Stored entries

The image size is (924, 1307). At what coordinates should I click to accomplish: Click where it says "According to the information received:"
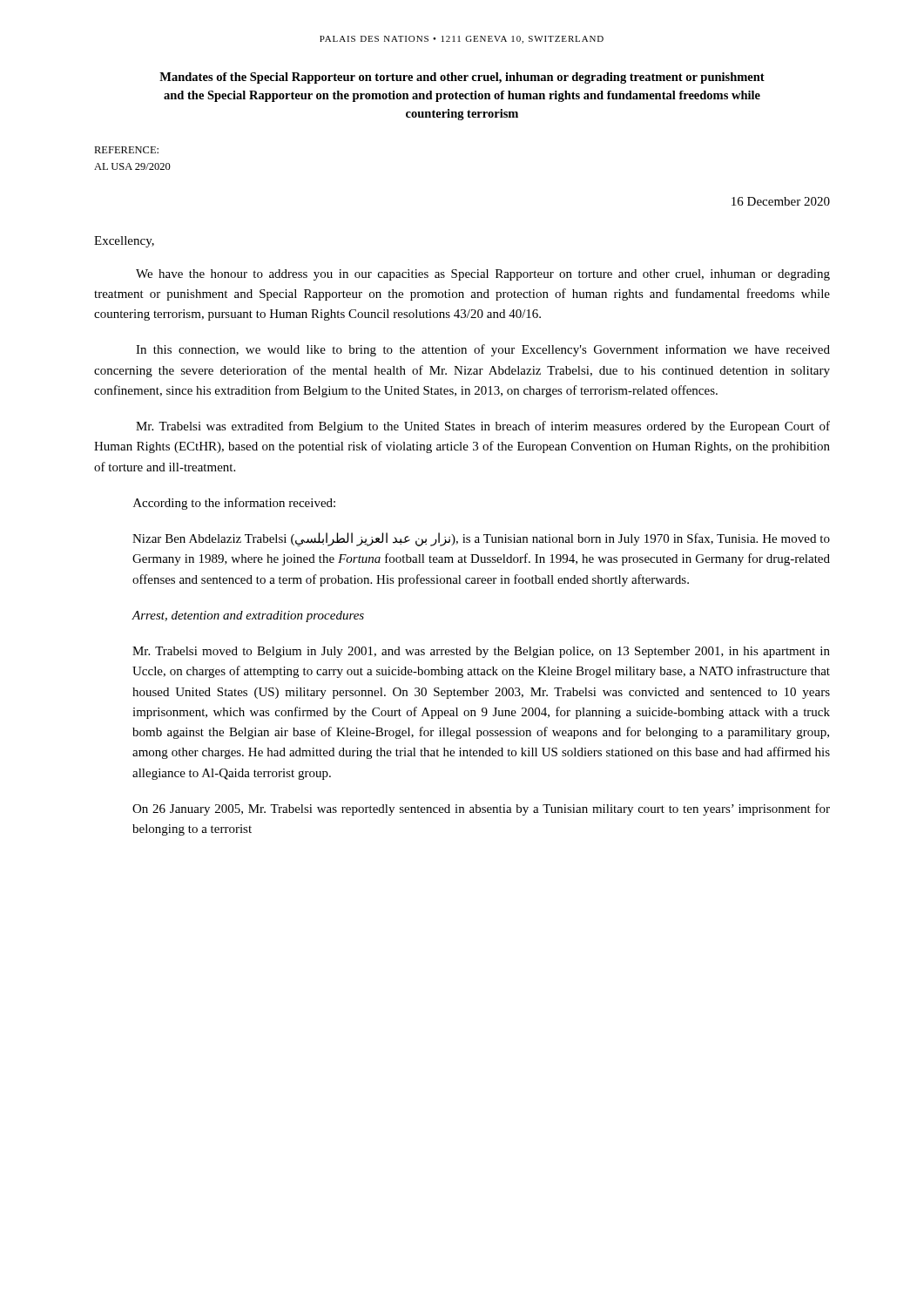(215, 503)
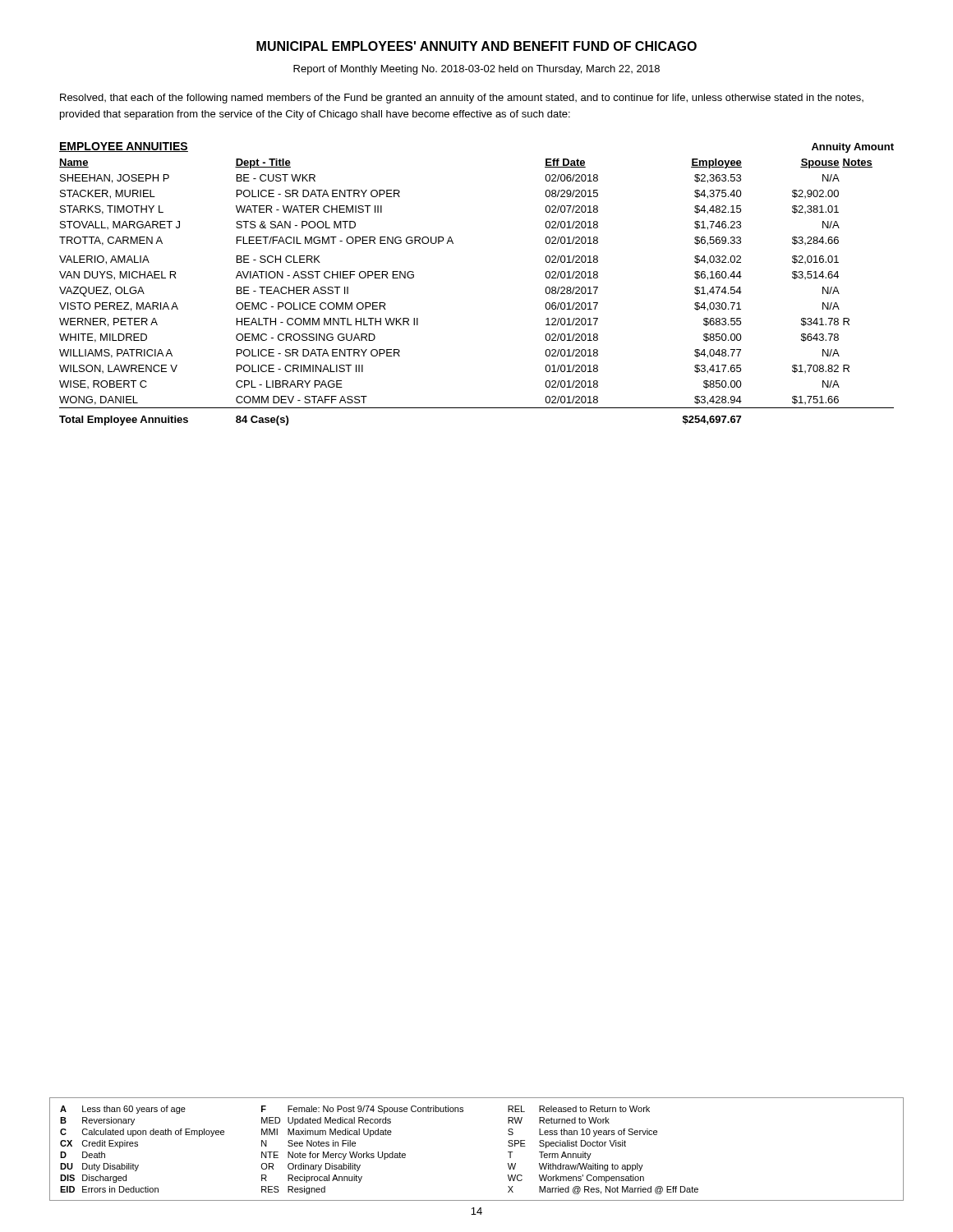This screenshot has width=953, height=1232.
Task: Locate the title
Action: (x=476, y=46)
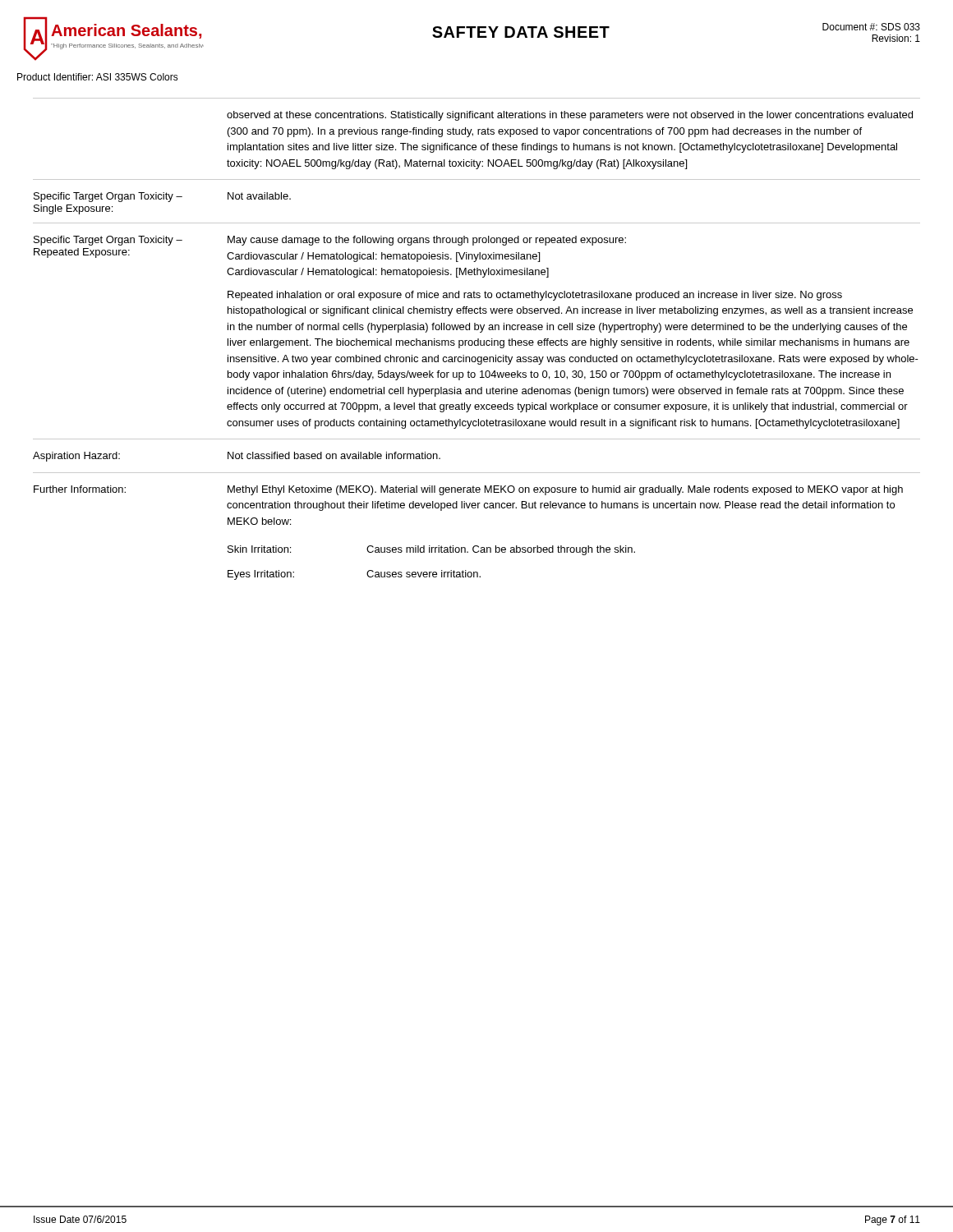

## Exercise aim:
Copy every record exactly, but skip the pictures.

## Solution for this task:
The image size is (924, 1307). At what coordinates should I click to accomplish: Click where it says "According to the information received:"
(215, 503)
This screenshot has width=953, height=1232.
Task: Locate the title
Action: (x=476, y=46)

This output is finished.